### TASK BRIEF
Looking at the records below, please work out how many lines contain the word "start" and give the number alone.

### DATA TO USE
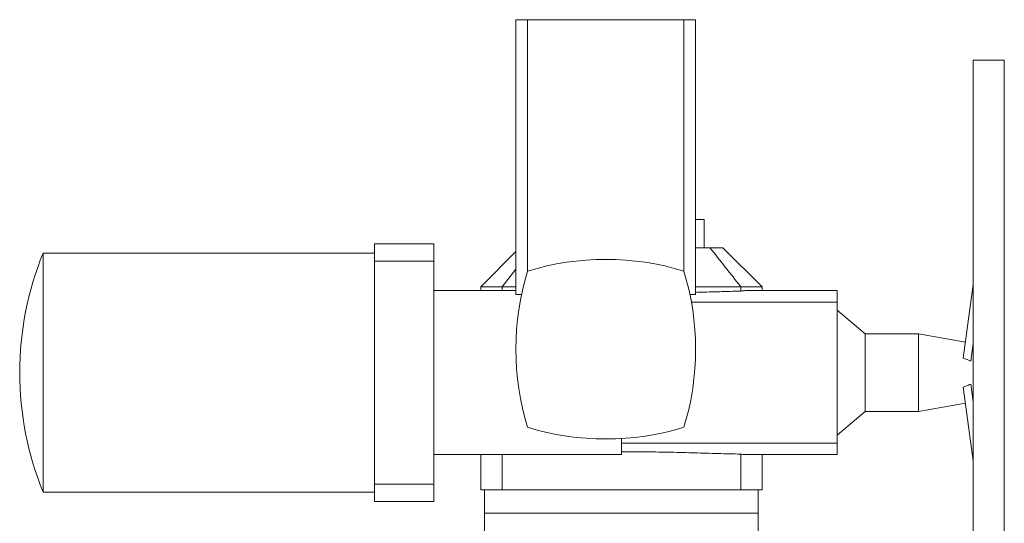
# Model space of a CAD drawing. Header units: millimetres. Extents: x -927 to 594, y 13 to 2231.
# Tile 6 of 8: x -927 to -297, y 1909 to 2231. Entities that reach past the tile are written whole.
import ezdxf

# ---------------------------------------------------------------- set-up
doc = ezdxf.new("R2010")
doc.units = ezdxf.units.MM

msp = doc.modelspace()

# ---------------------------------------------------------------- linework, layer by layer
at = {"color": 7, "linetype": 'Continuous', "lineweight": 15}
for p, q in [((-609.54, 2231.34), (-609.54, 2055.34)), ((-602.04, 2231.34), (-609.54, 2231.34)), ((-602.04, 2231.34), (-602.04, 2070.34)), ((-502.05, 2231.34), (-602.04, 2231.34)), ((-502.05, 2231.34), (-502.05, 2070.34)), ((-494.54, 2231.34), (-502.05, 2231.34)), ((-494.54, 2055.34), (-494.54, 2231.34)), ((-297.04, 2205.34), (-317.04, 2205.34)), ((-317.04, 2205.34), (-317.04, 1805.34)), ((-297.04, 2205.34), (-297.04, 1805.34)), ((-494.54, 2103.34), (-489.04, 2103.34)), ((-489.04, 2085.34), (-489.04, 2103.34)), ((-662.04, 2087.84), (-700.04, 2087.84)), ((-700.04, 2087.84), (-700.04, 2076.71)), ((-662.04, 2087.84), (-662.04, 2076.71)), ((-494.54, 2085.34), (-485.44, 2085.34)), ((-485.44, 2085.34), (-477.04, 2085.34)), ((-452.04, 2060.34), (-477.04, 2085.34)), ((-700.04, 2081.84), (-912.04, 2081.84)), ((-912.04, 1928.84), (-912.04, 2081.84)), ((-609.54, 2082.84), (-632.04, 2060.34)), ((-700.04, 2076.71), (-700.04, 1933.97)), ((-700.04, 2076.71), (-662.04, 2076.71)), ((-662.04, 2076.71), (-662.04, 2057.84)), ((-609.54, 2071.62), (-618.38, 2060.34)), ((-632.04, 2060.34), (-632.04, 2057.84)), ((-618.38, 2060.34), (-632.04, 2060.34)), ((-609.54, 2060.34), (-618.38, 2060.34)), ((-618.38, 2060.34), (-618.38, 2057.84)), ((-465.71, 2060.34), (-494.54, 2060.34)), ((-465.71, 2060.34), (-465.71, 2057.54)), ((-452.04, 2060.34), (-465.71, 2060.34)), ((-452.04, 2057.84), (-452.04, 2060.34)), ((-317.04, 2061.85), (-323.33, 2014.68)), ((-662.04, 2057.84), (-609.54, 2057.84)), ((-605.91, 2055.34), (-609.54, 2055.34)), ((-494.54, 2055.34), (-498.18, 2055.34)), ((-404.04, 2057.84), (-462.5, 2057.84)), ((-404.04, 2057.84), (-404.04, 2050.51)), ((-497.24, 2050.51), (-404.04, 2050.51)), ((-404.04, 2050.51), (-404.04, 1960.18)), ((-386.04, 2030.24), (-404.04, 2045.34)), ((-352.04, 2030.24), (-386.04, 2030.24)), ((-386.04, 1980.45), (-386.04, 2030.24)), ((-321.96, 2024.94), (-352.04, 2030.24)), ((-352.04, 2030.24), (-352.04, 1980.45)), ((-318.54, 2012.72), (-317.04, 2023.98)), ((-318.54, 1997.97), (-317.04, 1986.71)), ((-317.04, 1948.83), (-323.33, 1996.01)), ((-352.04, 1980.45), (-321.96, 1985.75)), ((-404.04, 1965.34), (-386.04, 1980.45)), ((-386.04, 1980.45), (-352.04, 1980.45)), ((-542.04, 1952.84), (-542.04, 1963.14)), ((-542.04, 1960.18), (-404.04, 1960.18)), ((-404.04, 1952.84), (-404.04, 1960.18)), ((-465.71, 1953.15), (-465.71, 1930.34)), ((-662.04, 1952.84), (-542.04, 1952.84)), ((-662.04, 1952.84), (-662.04, 1933.97)), ((-632.04, 1952.84), (-632.04, 1930.34)), ((-618.38, 1952.84), (-618.38, 1930.34)), ((-462.5, 1952.84), (-404.04, 1952.84)), ((-452.04, 1930.34), (-452.04, 1952.84)), ((-912.04, 1928.84), (-700.04, 1928.84)), ((-700.04, 1933.97), (-662.04, 1933.97)), ((-700.04, 1933.97), (-700.04, 1922.84)), ((-662.04, 1933.97), (-662.04, 1922.84)), ((-618.38, 1930.34), (-632.04, 1930.34)), ((-629.54, 1930.34), (-629.54, 1915.34)), ((-465.71, 1930.34), (-618.38, 1930.34)), ((-452.04, 1930.34), (-465.71, 1930.34)), ((-454.54, 1915.34), (-454.54, 1930.34)), ((-700.04, 1922.84), (-662.04, 1922.84)), ((-629.54, 1915.34), (-629.54, 1902.34)), ((-454.54, 1902.34), (-454.54, 1915.34))]:
    msp.add_line(p, q, dxfattribs=at)
at = {"color": 8, "linetype": 'Continuous', "lineweight": 0}
for p, q in [((-662.04, 2057.84), (-662.04, 1952.84)), ((-542.04, 1915.34), (-629.54, 1915.34)), ((-454.54, 1915.34), (-542.04, 1915.34))]:
    msp.add_line(p, q, dxfattribs=at)
at = {"color": 7, "linetype": 'Continuous', "lineweight": 15}
for centre, radius, start, end in [((-724.47, 2005.34), 202.57, 157.81255, 180.00008), ((-552.04, 1907.53), 170.31, 72.92901, 107.07099), ((-439.23, 2020.34), 170.31, 162.92901, 197.07099), ((-664.86, 2020.34), 170.31, 342.92901, 17.07099), ((-724.47, 2005.34), 202.57, 180.00008, 202.18745), ((-552.04, 2133.16), 170.31, 252.92901, 287.07099)]:
    msp.add_arc(centre, radius, start, end, dxfattribs=at)
for points, knots in [([(-485.44, 2085.34), (-482.14, 2081.2), (-475.53, 2072.92), (-468.98, 2064.54), (-465.71, 2060.34)], [0, 0, 0, 0, 0.499986, 1, 1, 1, 1]), ([(-465.71, 2057.54), (-467.49, 2057.49), (-471.04, 2057.41), (-476.42, 2057.25), (-481.86, 2057.1), (-487.35, 2056.93), (-491.58, 2056.81), (-493.99, 2056.75), (-494.54, 2056.73)], [0, 0, 0, 0, 0.18825, 0.376531, 0.564781, 0.754165, 0.94358, 1, 1, 1, 1]), ([(-462.5, 2057.83), (-462.75, 2057.83), (-463.37, 2057.83), (-464.44, 2057.74), (-465.29, 2057.61), (-465.71, 2057.54)], [0, 0, 0, 0, 0.244648, 0.622323, 1, 1, 1, 1]), ([(-318.54, 2012.72), (-319, 2012.92), (-320.57, 2013.62), (-322.18, 2014.24), (-323.33, 2014.68)], [0, 0, 0, 0, 0.28675, 1, 1, 1, 1]), ([(-323.33, 1996.01), (-322.66, 1996.27), (-321.05, 1996.88), (-319.47, 1997.57), (-318.54, 1997.97)], [0, 0, 0, 0, 0.415793, 1, 1, 1, 1]), ([(-465.71, 1953.15), (-468.12, 1953.21), (-472.93, 1953.33), (-480.26, 1953.54), (-487.66, 1953.76), (-495.13, 1953.98), (-502.73, 1954.18), (-510.46, 1954.36), (-518.32, 1954.51), (-526.22, 1954.62), (-534.13, 1954.69), (-539.41, 1954.7), (-542.04, 1954.71)], [0, 0, 0, 0, 0.0983562, 0.1968023, 0.2952787, 0.393725, 0.4920815, 0.5935988, 0.6952167, 0.7968676, 0.898484, 1, 1, 1, 1]), ([(-462.5, 1952.85), (-462.75, 1952.85), (-463.37, 1952.85), (-464.44, 1952.95), (-465.29, 1953.08), (-465.71, 1953.15)], [0, 0, 0, 0, 0.244648, 0.622324, 1, 1, 1, 1])]:
    msp.add_open_spline(points, degree=3, knots=knots, dxfattribs=at)

doc.saveas('drawing.dxf')

### COMPLETED TASK
2